All PCR-positive products with EE3/EE4 primers were sent to Macrogen (Daejeon, Republic of Korea) for Sanger sequencing. The obtained sequences, along with those previously reported in GenBank, were aligned and analyzed using the multiple sequence alignment program CLUSTAL Omega (v. 1.2.1, Bioweb, Ferndale, WA, USA). Unnecessary sequences at the front and back ends were trimmed based on the sequences detected in this study, using BioEdit (v. 7.2.5, Bioedit, Manchester, UK). Sites containing gaps or ambiguous alignment were removed before phylogenetic analysis. Phylogenetic analysis was conducted using the maximum likelihood method with the Kimura two-parameter distance model in molecular evolutionary genetics analysis [16]. The aligned sequences of Anaplasma 16S rRNA were pairwise compared to determine homology, and the stability of the obtained trees was estimated using bootstrap analysis with 1,000 replicates.

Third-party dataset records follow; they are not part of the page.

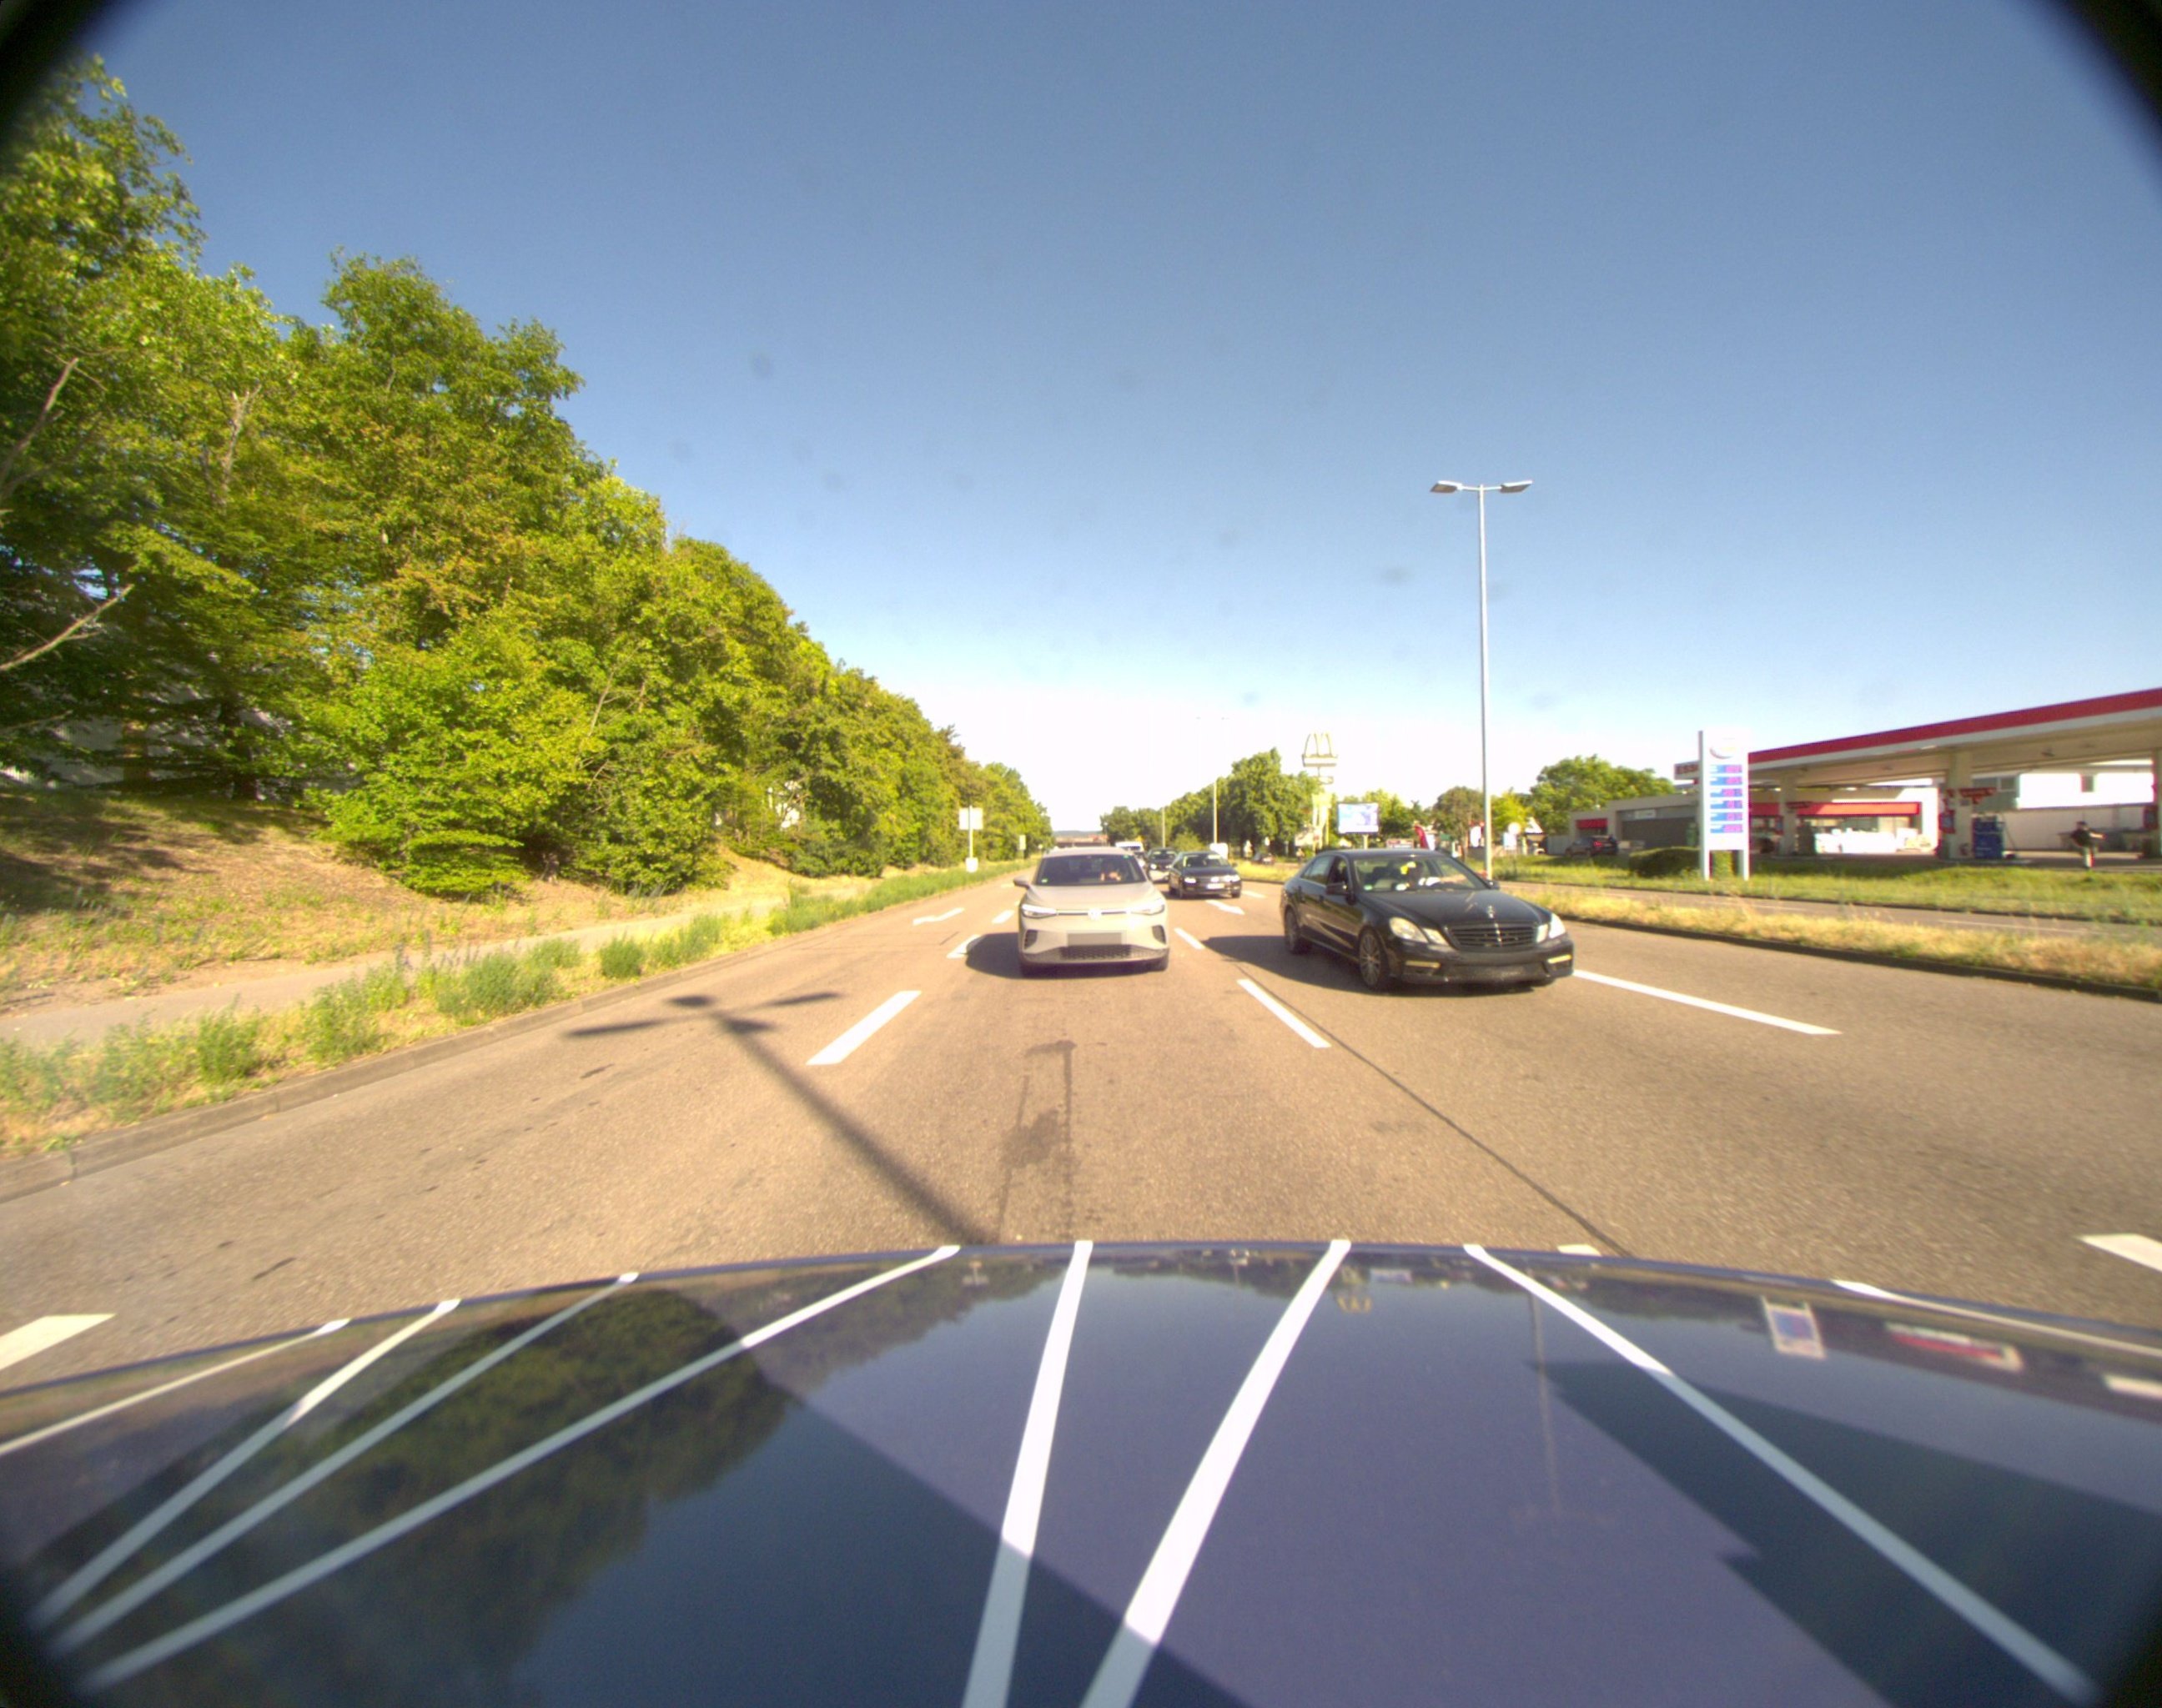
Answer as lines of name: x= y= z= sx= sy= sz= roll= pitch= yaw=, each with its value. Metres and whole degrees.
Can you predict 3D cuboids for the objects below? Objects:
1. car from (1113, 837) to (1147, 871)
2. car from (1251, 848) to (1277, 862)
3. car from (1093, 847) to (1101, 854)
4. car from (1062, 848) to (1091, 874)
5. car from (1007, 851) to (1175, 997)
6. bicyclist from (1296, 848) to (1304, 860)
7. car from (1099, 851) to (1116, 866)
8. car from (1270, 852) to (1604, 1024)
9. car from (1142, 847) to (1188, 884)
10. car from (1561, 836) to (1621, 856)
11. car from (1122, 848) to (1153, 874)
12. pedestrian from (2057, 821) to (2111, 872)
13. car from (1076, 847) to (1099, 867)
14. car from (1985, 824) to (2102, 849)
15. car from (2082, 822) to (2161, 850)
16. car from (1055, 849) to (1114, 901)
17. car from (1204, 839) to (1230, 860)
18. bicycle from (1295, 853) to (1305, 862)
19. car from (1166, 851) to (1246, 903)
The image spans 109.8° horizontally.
car: x=3.628 y=-0.060 z=57.735 sx=2.020 sy=2.349 sz=6.523 roll=-2 pitch=1 yaw=-1
car: x=20.164 y=0.105 z=83.866 sx=1.763 sy=1.482 sz=4.477 roll=2 pitch=1 yaw=1
car: x=3.677 y=-0.848 z=176.648 sx=1.763 sy=1.607 sz=4.402 roll=-2 pitch=1 yaw=-1
car: x=-0.299 y=0.426 z=48.639 sx=1.763 sy=1.482 sz=4.402 roll=-2 pitch=1 yaw=-1
car: x=0.095 y=0.792 z=10.875 sx=1.862 sy=1.574 sz=4.402 roll=-2 pitch=1 yaw=-1
bicyclist: x=23.415 y=0.024 z=81.257 sx=0.629 sy=1.281 sz=0.700 roll=-2 pitch=2 yaw=1
car: x=3.276 y=0.540 z=94.084 sx=1.763 sy=1.607 sz=4.402 roll=-2 pitch=1 yaw=-1
car: x=3.791 y=0.755 z=9.096 sx=1.868 sy=1.430 sz=4.402 roll=-2 pitch=1 yaw=-1
car: x=3.915 y=0.488 z=35.977 sx=1.674 sy=1.608 sz=3.878 roll=-2 pitch=1 yaw=-1
car: x=37.323 y=-0.582 z=55.688 sx=1.683 sy=1.401 sz=3.977 roll=-2 pitch=1 yaw=-1
car: x=3.604 y=0.416 z=48.779 sx=1.636 sy=1.547 sz=3.776 roll=-2 pitch=1 yaw=-1
pedestrian: x=34.819 y=-0.270 z=26.396 sx=0.789 sy=1.740 sz=0.905 roll=-2 pitch=2 yaw=21
car: x=0.475 y=0.214 z=62.703 sx=1.763 sy=1.482 sz=4.402 roll=-2 pitch=1 yaw=-1
car: x=55.915 y=-1.004 z=44.266 sx=1.683 sy=1.401 sz=3.977 roll=1 pitch=1 yaw=-1
car: x=56.027 y=-0.926 z=39.863 sx=1.683 sy=1.401 sz=3.977 roll=1 pitch=1 yaw=-1
car: x=0.083 y=0.622 z=25.394 sx=1.763 sy=1.482 sz=4.402 roll=-2 pitch=1 yaw=-1
car: x=16.521 y=-0.584 z=92.580 sx=2.027 sy=2.433 sz=5.820 roll=2 pitch=1 yaw=-1
bicycle: x=23.413 y=0.343 z=81.212 sx=0.629 sy=0.863 sz=1.741 roll=-2 pitch=1 yaw=1
car: x=3.919 y=0.673 z=24.483 sx=1.797 sy=1.419 sz=4.286 roll=-2 pitch=1 yaw=-1

For the estimation of evolutionary divergence between sequences of Anaplasma spp. identified in this study, analyses were conducted using the Maximum Composite Likelihood model [17]. This analysis involved 25 nucleotide sequences, and all ambiguous positions were removed for each sequence pair (pairwise deletion option). There was a total of 881 positions in the final dataset. Evolutionary analyses were conducted in MEGA11 [16].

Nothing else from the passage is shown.